Knowledge Base Impact and Cohort Transfer
KB choice directly modulates recall and regression error: demographically matched KBs induce up to 25% recall improvement and 3.5 cm RMSE reduction. Even partial KB augmentation enhances minority-class sensitivity, while non-retrieval setups revert to non-augmented GAT performance. t-SNE analysis confirms that retrieval efficacy correlates with embedding overlap between target and KB domains.
Calibration, Reliability, and Deployment Readiness
Predicted probabilities are well-calibrated (ECE: 0.06, MCE: 0.26, Brier: 0.16), and decision-curve analysis shows nontrivial clinical net benefit (+0.15 at threshold T=0.3), equating to 15 extra correct screening decisions per 100 subjects versus extreme strategies. User paper (N=12 clinical experts, avg. experience 9.5y) rates NutriScreener as highly accurate (4.3/5) and efficient (4.6/5), and the standalone app achieves acceptable inference latency on low-resource, CPU-only devices (<450 s per case, <822 MB peak RAM), confirming field deployability.
Implications and Future Directions
NutriScreener’s retrieval-augmented GAT framework demonstrates strong representational capacity for minority-class detection, cohort transfer, and anthropometric regression from RGB images, scaling malnutrition screening in low-resource settings. The adaptive fusion mechanism highlights the practical value of population-aware, knowledge-driven model architectures, especially for clinical triage under severe class imbalance. The explicit use of multi-view input and graph-based reasoning reveals direct benefits in modeling pose variability and context-specific morphological cues.

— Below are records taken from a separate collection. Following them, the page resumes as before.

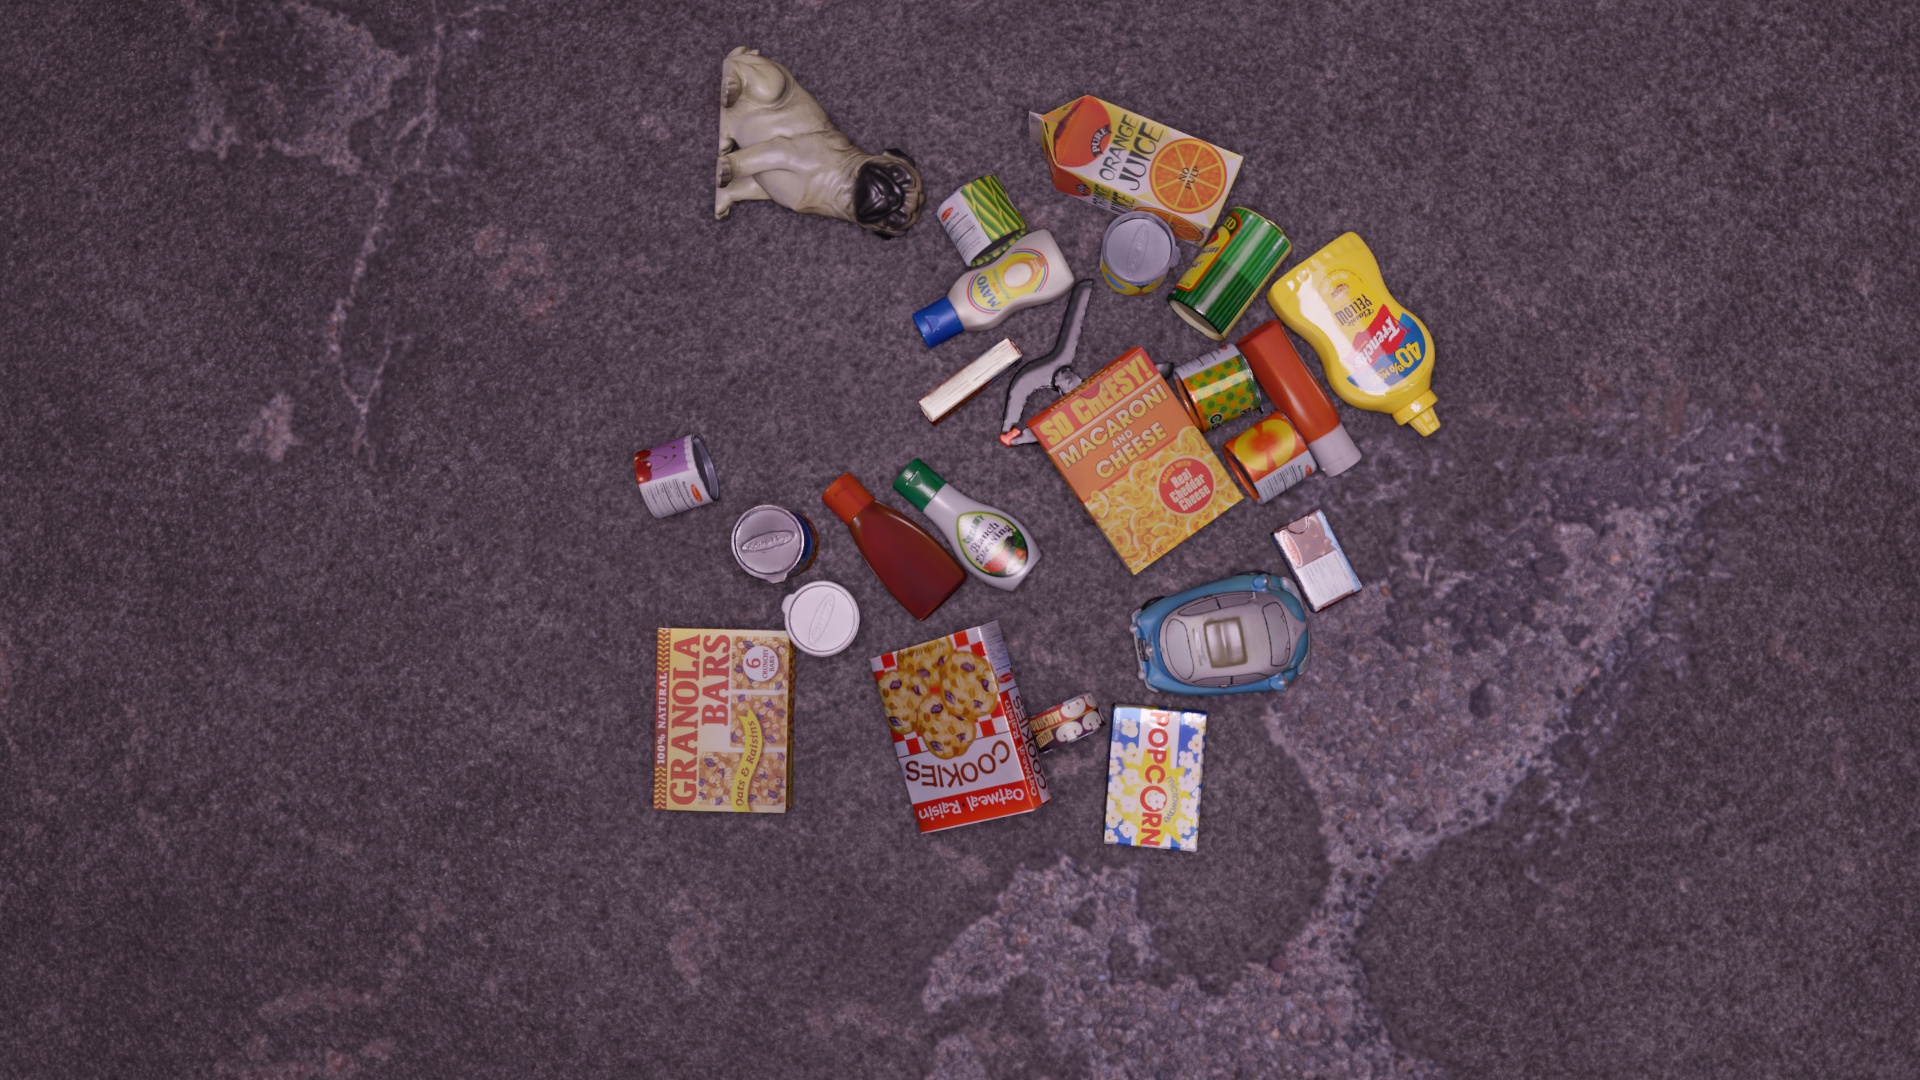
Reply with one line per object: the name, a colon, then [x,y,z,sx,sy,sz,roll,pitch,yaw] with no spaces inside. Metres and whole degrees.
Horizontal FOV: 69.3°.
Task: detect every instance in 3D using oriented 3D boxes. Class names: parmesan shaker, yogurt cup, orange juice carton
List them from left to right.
yogurt cup: [-0.123,0.071,1.272,0.072,0.054,0.072,0,88,3]
orange juice carton: [0.151,-0.342,1.266,0.193,0.072,0.073,23,89,4]
parmesan shaker: [0.243,-0.241,1.256,0.071,0.071,0.103,37,90,4]

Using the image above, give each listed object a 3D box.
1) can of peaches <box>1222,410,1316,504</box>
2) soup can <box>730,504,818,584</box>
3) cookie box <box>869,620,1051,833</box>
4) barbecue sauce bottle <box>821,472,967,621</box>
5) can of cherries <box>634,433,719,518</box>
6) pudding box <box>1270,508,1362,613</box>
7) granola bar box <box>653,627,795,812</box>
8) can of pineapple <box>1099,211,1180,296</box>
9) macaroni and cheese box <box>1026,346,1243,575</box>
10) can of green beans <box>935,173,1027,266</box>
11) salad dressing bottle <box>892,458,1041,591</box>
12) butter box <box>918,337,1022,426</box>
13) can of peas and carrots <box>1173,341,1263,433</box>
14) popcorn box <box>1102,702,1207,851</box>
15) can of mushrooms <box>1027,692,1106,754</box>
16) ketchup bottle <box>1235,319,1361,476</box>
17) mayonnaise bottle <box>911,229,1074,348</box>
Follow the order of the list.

Practically, this methodology reduces reliance on laborious manual measurements and specialized hardware, enabling screening from routine images. The approach also opens new directions for retrieval-augmented architectures in other medical imaging settings, longitudinal health modeling, or real-time field applications.
Future work includes (1) extending diverse KB construction for broader demographic coverage, (2) augmenting interpretability with uncertainty quantification and visual cue localization, and (3) examining federated or privacy-preserving KB exchange to enable truly global, equitable malnutrition triage. The underexplored space of retrieval-guided fusion in graph-based vision architectures for clinical prediction remains ripe for further investigation.
Conclusion
NutriScreener effectively bridges algorithmic and deployment-level gaps for malnutrition screening under real-world constraints, yielding substantial performance, calibration, and operational gains over prior convolutional and domain-adaptive baselines. Its retrieval-augmented, multi-pose GAT pipeline provides robust generalization, minority-class sensitivity, and anthropometric accuracy across heterogeneous populations, demonstrating concrete technical progress toward scalable, accessible pediatric nutrition assessment. The framework sets new empirical standards for image-based screening, with sustained future relevance in AI-driven global health and clinical assistive tools.